(Beginning of DATASET RECORDS)
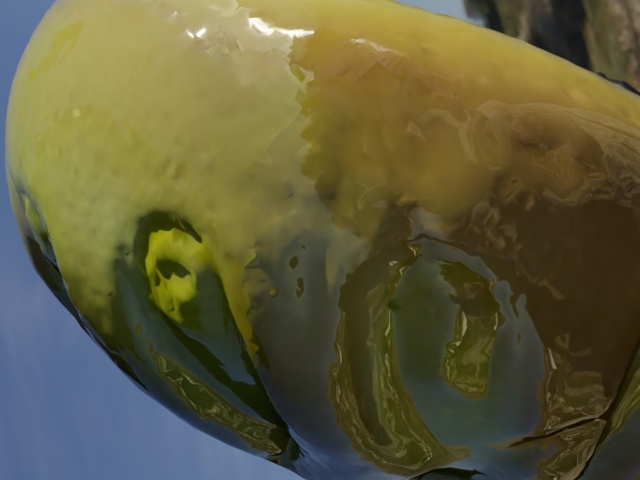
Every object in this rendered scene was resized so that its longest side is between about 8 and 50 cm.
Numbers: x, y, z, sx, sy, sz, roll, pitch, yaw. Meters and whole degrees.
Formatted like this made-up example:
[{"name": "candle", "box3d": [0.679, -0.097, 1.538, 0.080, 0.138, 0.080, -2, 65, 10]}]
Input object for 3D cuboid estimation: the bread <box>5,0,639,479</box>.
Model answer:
[{"name": "bread", "box3d": [-0.013, -0.004, 0.445, 0.156, 0.260, 0.158, 16, -87, -40]}]
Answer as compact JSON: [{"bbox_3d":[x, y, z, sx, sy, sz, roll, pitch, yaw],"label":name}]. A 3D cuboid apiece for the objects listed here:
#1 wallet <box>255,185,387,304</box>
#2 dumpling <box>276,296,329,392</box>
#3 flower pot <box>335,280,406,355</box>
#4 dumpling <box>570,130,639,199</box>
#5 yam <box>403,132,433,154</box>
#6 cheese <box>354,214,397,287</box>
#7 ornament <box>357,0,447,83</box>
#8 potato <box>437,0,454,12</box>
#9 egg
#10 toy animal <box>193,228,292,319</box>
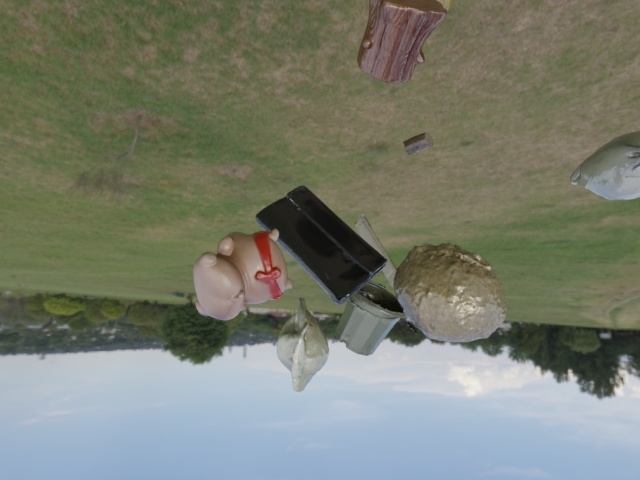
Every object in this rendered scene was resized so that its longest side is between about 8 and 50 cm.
[{"bbox_3d":[0.000,0.000,1.339,0.228,0.406,0.062,-38,160,-24],"label":"wallet"},{"bbox_3d":[-0.043,0.237,1.038,0.131,0.252,0.179,0,126,8],"label":"dumpling"},{"bbox_3d":[0.194,0.327,1.747,0.290,0.259,0.290,26,-165,-8],"label":"flower pot"},{"bbox_3d":[0.879,-0.210,1.126,0.260,0.181,0.341,-15,155,-2],"label":"dumpling"},{"bbox_3d":[0.475,-0.471,2.001,0.084,0.084,0.127,11,162,-39],"label":"yam"},{"bbox_3d":[0.290,0.054,2.096,0.034,0.400,0.085,-8,153,-44],"label":"cheese"},{"bbox_3d":[0.224,-0.597,1.205,0.221,0.235,0.217,24,137,6],"label":"ornament"},{"bbox_3d":[0.424,-0.935,1.483,0.182,0.202,0.117,4,160,-15],"label":"potato"},{"bbox_3d":[0.359,0.147,1.153,0.310,0.279,0.279,33,171,8],"label":"egg"},{"bbox_3d":[-0.153,0.063,0.831,0.198,0.171,0.171,-24,-171,-41],"label":"toy animal"}]
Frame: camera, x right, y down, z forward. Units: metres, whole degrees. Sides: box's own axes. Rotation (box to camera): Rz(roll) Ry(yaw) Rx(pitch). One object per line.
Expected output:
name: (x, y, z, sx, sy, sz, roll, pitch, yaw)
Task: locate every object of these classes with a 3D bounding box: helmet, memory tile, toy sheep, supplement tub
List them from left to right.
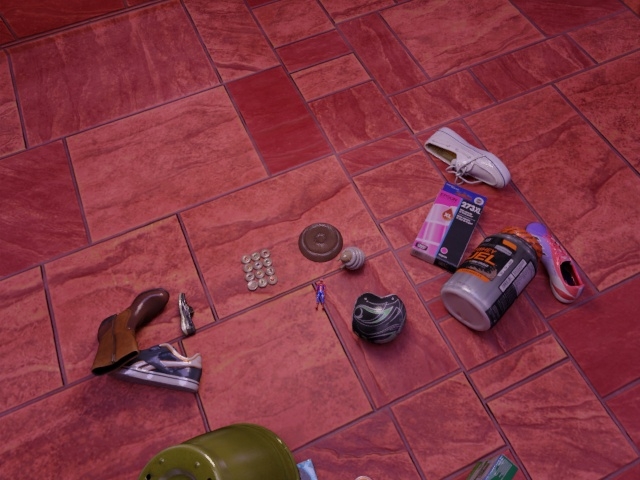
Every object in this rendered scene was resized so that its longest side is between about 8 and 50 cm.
memory tile: (-0.223, 0.105, 1.774, 0.113, 0.012, 0.148, -15, 63, -7)
toy sheep: (0.115, 0.064, 1.738, 0.091, 0.132, 0.091, -4, 84, 37)
helmet: (0.197, 0.253, 1.599, 0.161, 0.169, 0.170, 8, 61, 24)
supplement tub: (0.577, 0.120, 1.636, 0.207, 0.207, 0.338, 39, 68, 20)

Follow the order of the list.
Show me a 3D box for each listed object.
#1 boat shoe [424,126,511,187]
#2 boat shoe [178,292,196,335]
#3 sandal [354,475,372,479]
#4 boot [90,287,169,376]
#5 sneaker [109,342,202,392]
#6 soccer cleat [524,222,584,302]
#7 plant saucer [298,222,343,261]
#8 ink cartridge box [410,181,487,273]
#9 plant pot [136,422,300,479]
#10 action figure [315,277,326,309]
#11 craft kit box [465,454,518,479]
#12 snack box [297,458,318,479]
boat shoe: (0.550, -0.298, 1.906, 0.156, 0.136, 0.367, -37, 64, -17)
boat shoe: (-0.457, 0.250, 1.682, 0.049, 0.056, 0.152, -10, 71, -10)
sandal: (0.127, 0.797, 1.351, 0.101, 0.076, 0.266, -7, 62, -2)
boot: (-0.595, 0.278, 1.554, 0.264, 0.096, 0.280, -25, 23, -11)
sneaker: (-0.532, 0.396, 1.562, 0.320, 0.126, 0.128, 9, 62, 1)
soccer cleat: (0.823, 0.057, 1.714, 0.108, 0.116, 0.319, -12, 62, -5)
plant saucer: (0.000, 0.000, 1.818, 0.168, 0.029, 0.169, -1, 61, 2)
ink cartridge box: (0.487, -0.068, 1.826, 0.175, 0.069, 0.371, 24, 62, 14)
plant pot: (-0.276, 0.645, 1.241, 0.366, 0.353, 0.367, -7, 65, 14)
action figure: (0.001, 0.185, 1.717, 0.038, 0.030, 0.115, -1, 59, 7)
craft kit box: (0.402, 0.697, 1.304, 0.061, 0.247, 0.250, 39, 70, 17)
snack box: (-0.057, 0.807, 1.359, 0.187, 0.060, 0.322, -20, 63, -8)
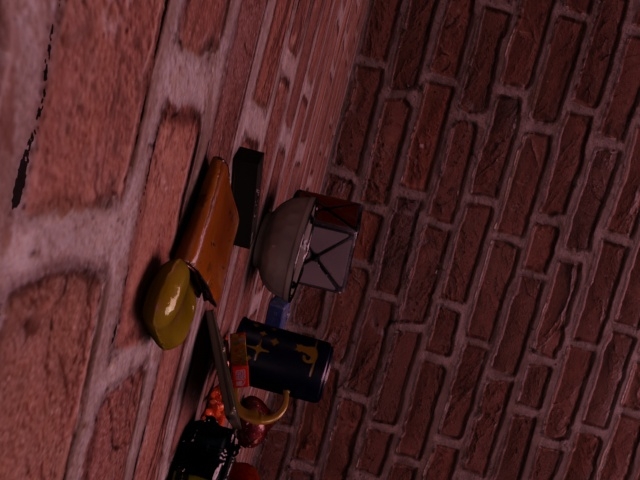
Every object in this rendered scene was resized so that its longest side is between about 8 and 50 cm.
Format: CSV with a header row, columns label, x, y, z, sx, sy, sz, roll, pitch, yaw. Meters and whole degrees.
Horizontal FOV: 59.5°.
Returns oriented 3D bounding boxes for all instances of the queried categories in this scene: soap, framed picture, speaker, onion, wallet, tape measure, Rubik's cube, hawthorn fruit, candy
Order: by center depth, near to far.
label,x,y,z,sx,sy,sz,roll,pitch,yaw
soap,-0.181,0.079,0.677,0.140,0.045,0.089,103,5,-61
wallet,-0.160,-0.005,0.804,0.195,0.042,0.161,93,7,-69
speaker,-0.130,-0.069,0.976,0.040,0.046,0.191,-72,175,-48
framed picture,-0.179,0.257,1.072,0.260,0.023,0.189,101,-24,-66
tape measure,-0.232,0.458,1.116,0.186,0.112,0.199,99,5,-51
candy,-0.183,0.267,1.255,0.122,0.038,0.062,-110,-161,-61
hawthorn fruit,-0.262,0.751,1.673,0.251,0.189,0.190,-122,-137,-66
Rubik's cube,0.000,0.000,1.950,0.259,0.254,0.260,-71,175,-60
onion,-0.226,0.646,1.989,0.184,0.147,0.184,-177,-90,-83

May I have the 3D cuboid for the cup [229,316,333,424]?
label,x,y,z,sx,sy,sz,roll,pitch,yaw
cup,-0.115,0.359,1.476,0.178,0.256,0.255,98,8,-72

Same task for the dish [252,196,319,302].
label,x,y,z,sx,sy,sz,roll,pitch,yaw
dish,-0.094,0.009,1.413,0.303,0.120,0.303,15,90,-88

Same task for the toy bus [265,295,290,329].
label,x,y,z,sx,sy,sz,roll,pitch,yaw
toy bus,-0.176,0.325,2.124,0.094,0.079,0.237,-35,143,-61

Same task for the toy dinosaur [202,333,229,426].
label,x,y,z,sx,sy,sz,roll,pitch,yaw
toy dinosaur,-0.228,0.354,1.264,0.101,0.055,0.280,-109,-148,-77
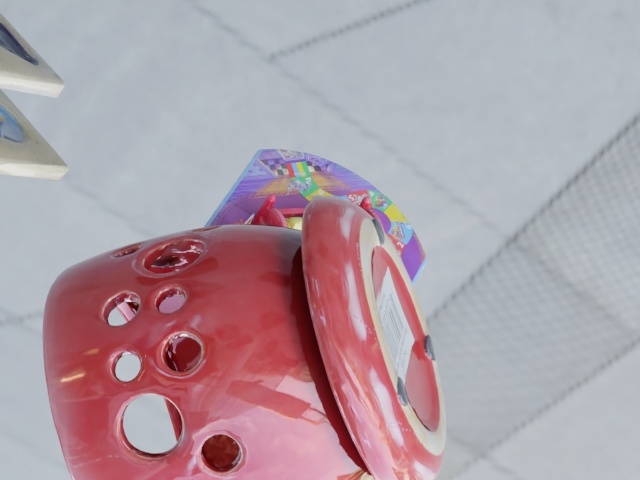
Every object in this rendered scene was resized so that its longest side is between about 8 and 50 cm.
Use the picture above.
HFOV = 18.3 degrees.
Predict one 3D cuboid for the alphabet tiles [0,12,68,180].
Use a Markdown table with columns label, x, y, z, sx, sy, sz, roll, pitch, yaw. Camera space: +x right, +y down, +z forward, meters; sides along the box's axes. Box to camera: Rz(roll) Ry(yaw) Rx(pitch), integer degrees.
| label | x | y | z | sx | sy | sz | roll | pitch | yaw |
| --- | --- | --- | --- | --- | --- | --- | --- | --- | --- |
| alphabet tiles | -0.235 | -0.123 | 0.675 | 0.285 | 0.011 | 0.342 | 47 | -162 | 21 |

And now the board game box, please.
| label | x | y | z | sx | sy | sz | roll | pitch | yaw |
| --- | --- | --- | --- | --- | --- | --- | --- | --- | --- |
| board game box | 0.000 | 0.000 | 1.247 | 0.133 | 0.169 | 0.033 | 32 | 136 | 1 |

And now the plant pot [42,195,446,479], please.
| label | x | y | z | sx | sy | sz | roll | pitch | yaw |
| --- | --- | --- | --- | --- | --- | --- | --- | --- | --- |
| plant pot | -0.032 | 0.080 | 1.066 | 0.174 | 0.191 | 0.191 | -16 | 144 | 13 |
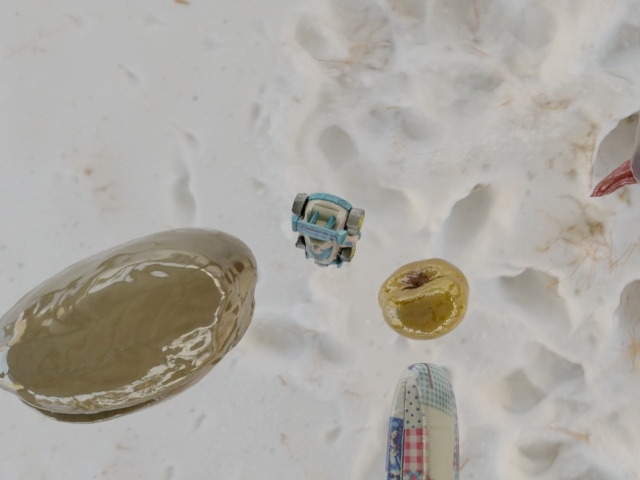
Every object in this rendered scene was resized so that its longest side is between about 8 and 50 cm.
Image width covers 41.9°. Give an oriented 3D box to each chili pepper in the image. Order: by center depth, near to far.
[{"bbox_3d":[0.570,-0.127,1.501,0.191,0.059,0.050,-34,80,20],"label":"chili pepper"}]

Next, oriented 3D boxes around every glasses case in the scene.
[{"bbox_3d":[0.134,0.326,1.098,0.076,0.125,0.328,-5,75,31],"label":"glasses case"}]

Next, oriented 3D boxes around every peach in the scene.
[{"bbox_3d":[0.192,0.108,1.547,0.179,0.179,0.103,-7,124,23],"label":"peach"}]

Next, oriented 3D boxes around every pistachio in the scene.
[{"bbox_3d":[-0.151,0.066,0.646,0.225,0.136,0.136,-24,90,6],"label":"pistachio"}]

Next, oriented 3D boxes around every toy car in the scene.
[{"bbox_3d":[0.000,0.000,1.461,0.126,0.098,0.162,18,133,11],"label":"toy car"}]

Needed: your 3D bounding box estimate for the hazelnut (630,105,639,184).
[{"bbox_3d":[0.362,-0.098,0.661,0.180,0.181,0.212,26,85,-4],"label":"hazelnut"}]
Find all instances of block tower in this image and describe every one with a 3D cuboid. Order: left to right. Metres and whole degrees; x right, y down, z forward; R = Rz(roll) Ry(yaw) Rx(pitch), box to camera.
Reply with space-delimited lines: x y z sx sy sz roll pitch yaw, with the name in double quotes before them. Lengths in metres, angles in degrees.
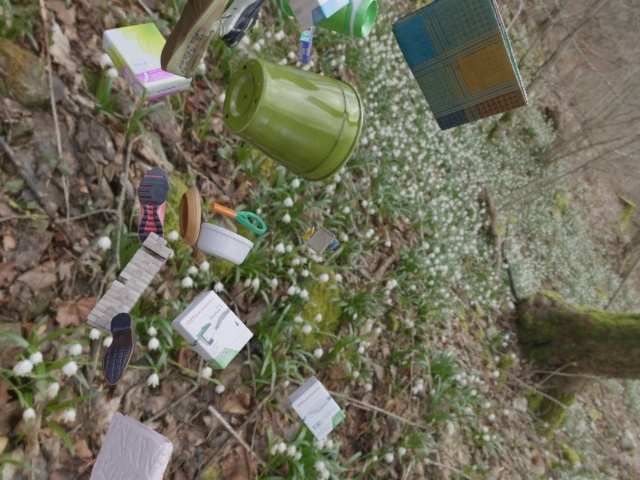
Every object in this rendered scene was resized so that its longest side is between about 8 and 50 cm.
"block tower" -0.605 0.138 1.346 0.091 0.097 0.336 34 71 -11

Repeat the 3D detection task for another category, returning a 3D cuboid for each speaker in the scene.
"speaker" 0.016 -0.714 1.266 0.296 0.131 0.131 26 30 15

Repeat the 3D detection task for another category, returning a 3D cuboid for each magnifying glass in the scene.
"magnifying glass" -0.279 -0.080 1.452 0.231 0.026 0.092 26 28 -46

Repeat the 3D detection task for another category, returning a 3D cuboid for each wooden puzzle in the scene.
"wooden puzzle" 0.000 0.000 1.246 0.116 0.078 0.014 44 0 39

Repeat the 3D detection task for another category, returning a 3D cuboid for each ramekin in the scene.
"ramekin" -0.475 0.023 2.047 0.272 0.127 0.273 20 -11 4

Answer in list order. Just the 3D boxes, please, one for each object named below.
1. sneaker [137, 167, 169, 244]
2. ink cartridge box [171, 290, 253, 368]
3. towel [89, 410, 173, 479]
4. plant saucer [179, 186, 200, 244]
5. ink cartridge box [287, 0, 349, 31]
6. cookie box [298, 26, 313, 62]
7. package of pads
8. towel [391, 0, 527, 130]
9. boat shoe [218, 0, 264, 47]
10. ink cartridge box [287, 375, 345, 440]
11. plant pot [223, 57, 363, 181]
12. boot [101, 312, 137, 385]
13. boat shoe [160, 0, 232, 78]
"sneaker" -0.681 -0.133 1.677 0.115 0.314 0.136 7 -1 -25
"ink cartridge box" -0.367 0.303 1.426 0.219 0.092 0.160 51 54 -14
"towel" -0.562 0.696 1.187 0.317 0.332 0.053 2 -20 42
"plant saucer" -0.452 -0.083 1.436 0.037 0.200 0.200 2 41 -30
"ink cartridge box" -0.022 -0.566 0.931 0.090 0.092 0.143 -46 119 -26
"cookie box" -0.058 -0.773 1.643 0.040 0.092 0.107 9 57 -1
"package of pads" -0.709 -0.726 1.704 0.229 0.101 0.297 -35 89 -37
"towel" 0.389 -0.493 1.167 0.370 0.271 0.040 50 50 -32
"boat shoe" -0.228 -0.700 1.290 0.084 0.233 0.079 34 -6 34
"ink cartridge box" -0.018 0.703 1.764 0.208 0.153 0.087 56 -15 -11
"plant pot" -0.113 -0.411 1.379 0.353 0.366 0.366 10 36 -42
"boot" -0.569 0.329 1.217 0.082 0.106 0.219 -6 49 -6
"boat shoe" -0.307 -0.532 1.063 0.089 0.285 0.105 13 55 -44
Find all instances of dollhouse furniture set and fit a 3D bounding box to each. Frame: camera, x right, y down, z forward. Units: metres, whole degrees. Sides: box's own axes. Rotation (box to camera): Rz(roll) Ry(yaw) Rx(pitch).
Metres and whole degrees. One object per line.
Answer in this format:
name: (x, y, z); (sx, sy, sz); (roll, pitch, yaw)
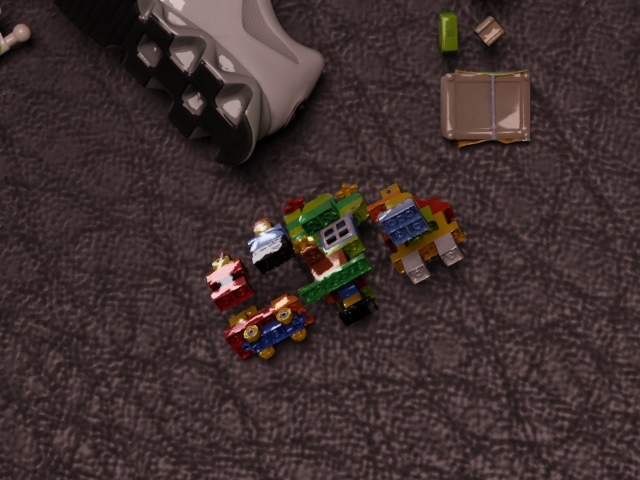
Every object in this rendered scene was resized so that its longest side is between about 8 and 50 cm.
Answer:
dollhouse furniture set: (0.138, -0.156, 1.658); (0.076, 0.058, 0.151); (-2, 95, -1)

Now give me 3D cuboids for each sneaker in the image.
sneaker: (-0.130, -0.225, 1.654); (0.330, 0.122, 0.146); (50, 56, -1)

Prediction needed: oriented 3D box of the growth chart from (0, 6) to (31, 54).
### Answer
growth chart: (-0.390, -0.218, 1.682); (0.172, 0.021, 0.237); (-38, 106, 5)

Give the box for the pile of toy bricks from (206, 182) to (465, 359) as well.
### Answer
pile of toy bricks: (0.000, 0.000, 1.603); (0.212, 0.118, 0.105); (-28, 42, 8)
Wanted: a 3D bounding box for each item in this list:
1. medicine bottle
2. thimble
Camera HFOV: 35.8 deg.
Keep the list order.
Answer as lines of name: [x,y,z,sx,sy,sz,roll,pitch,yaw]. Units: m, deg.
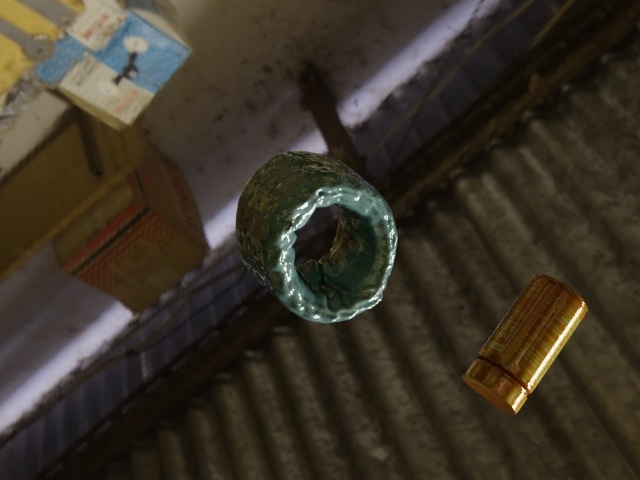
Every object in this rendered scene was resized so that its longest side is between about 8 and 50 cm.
medicine bottle: [0.299,0.149,1.447,0.096,0.096,0.192,27,-105,44]
thimble: [0.000,0.000,1.341,0.198,0.235,0.143,-34,-148,-10]
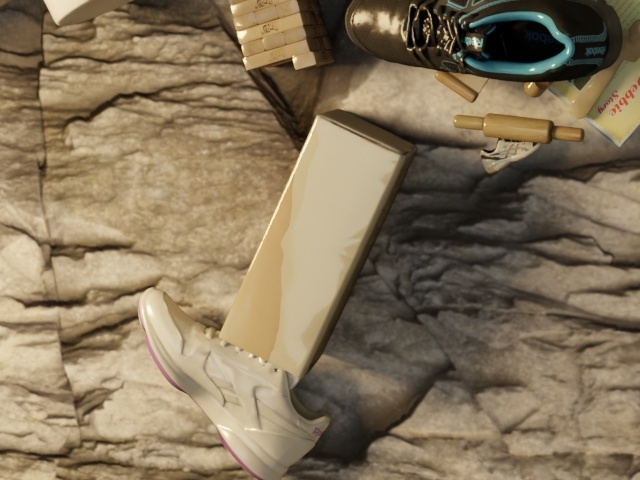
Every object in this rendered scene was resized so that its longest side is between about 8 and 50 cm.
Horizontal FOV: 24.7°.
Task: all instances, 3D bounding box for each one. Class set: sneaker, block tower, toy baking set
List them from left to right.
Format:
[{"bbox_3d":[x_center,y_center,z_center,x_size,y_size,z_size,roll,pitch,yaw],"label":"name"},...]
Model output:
[{"bbox_3d":[-0.113,0.166,1.921,0.152,0.114,0.305,-39,98,6],"label":"sneaker"},{"bbox_3d":[-0.077,-0.372,1.825,0.097,0.091,0.335,-14,95,19],"label":"block tower"},{"bbox_3d":[0.170,-0.253,1.702,0.341,0.140,0.125,7,107,28],"label":"sneaker"},{"bbox_3d":[0.239,-0.116,1.837,0.083,0.032,0.037,-27,93,13],"label":"sneaker"},{"bbox_3d":[0.262,-0.209,1.758,0.256,0.030,0.196,13,113,18],"label":"toy baking set"}]

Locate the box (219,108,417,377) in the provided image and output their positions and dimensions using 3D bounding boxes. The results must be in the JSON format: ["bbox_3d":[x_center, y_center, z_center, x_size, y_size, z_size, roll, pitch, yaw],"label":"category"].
[{"bbox_3d":[0.000,0.000,1.845,0.121,0.148,0.311,26,101,7],"label":"box"}]

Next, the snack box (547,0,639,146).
[{"bbox_3d":[0.391,-0.290,1.737,0.187,0.060,0.322,41,115,3],"label":"snack box"}]

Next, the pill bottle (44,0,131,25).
[{"bbox_3d":[-0.326,-0.464,1.804,0.204,0.204,0.361,-25,93,13],"label":"pill bottle"}]

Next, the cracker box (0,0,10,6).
[{"bbox_3d":[-0.485,-0.311,1.882,0.232,0.156,0.067,-28,93,13],"label":"cracker box"}]
(End of DATASET RECORDS)
=== PROBLEM DETAILS ===
Could you repeat, exactly, only the lines above starting at the one that has "#4 dumpling <box>570,130,639,199</box>" and stopping after the one that has "name: (x, y, z, sx, sy, sz, roll, pitch, yaw)", without the pictures?

=== ANSWER BOX ===
#4 dumpling <box>570,130,639,199</box>
#5 yam <box>403,132,433,154</box>
#6 cheese <box>354,214,397,287</box>
#7 ornament <box>357,0,447,83</box>
#8 potato <box>437,0,454,12</box>
#9 egg
#10 toy animal <box>193,228,292,319</box>
Every object in this rendered scene was resized so that its longest side is between about 8 and 50 cm.
[{"bbox_3d":[0.000,0.000,1.339,0.228,0.406,0.062,-38,160,-24],"label":"wallet"},{"bbox_3d":[-0.043,0.237,1.038,0.131,0.252,0.179,0,126,8],"label":"dumpling"},{"bbox_3d":[0.194,0.327,1.747,0.290,0.259,0.290,26,-165,-8],"label":"flower pot"},{"bbox_3d":[0.879,-0.210,1.126,0.260,0.181,0.341,-15,155,-2],"label":"dumpling"},{"bbox_3d":[0.475,-0.471,2.001,0.084,0.084,0.127,11,162,-39],"label":"yam"},{"bbox_3d":[0.290,0.054,2.096,0.034,0.400,0.085,-8,153,-44],"label":"cheese"},{"bbox_3d":[0.224,-0.597,1.205,0.221,0.235,0.217,24,137,6],"label":"ornament"},{"bbox_3d":[0.424,-0.935,1.483,0.182,0.202,0.117,4,160,-15],"label":"potato"},{"bbox_3d":[0.359,0.147,1.153,0.310,0.279,0.279,33,171,8],"label":"egg"},{"bbox_3d":[-0.153,0.063,0.831,0.198,0.171,0.171,-24,-171,-41],"label":"toy animal"}]
Frame: camera, x right, y down, z forward. Units: metres, whole degrees. Sides: box's own axes. Rotation (box to camera): Rz(roll) Ry(yaw) Rx(pitch). One object per line.
Expected output:
name: (x, y, z, sx, sy, sz, roll, pitch, yaw)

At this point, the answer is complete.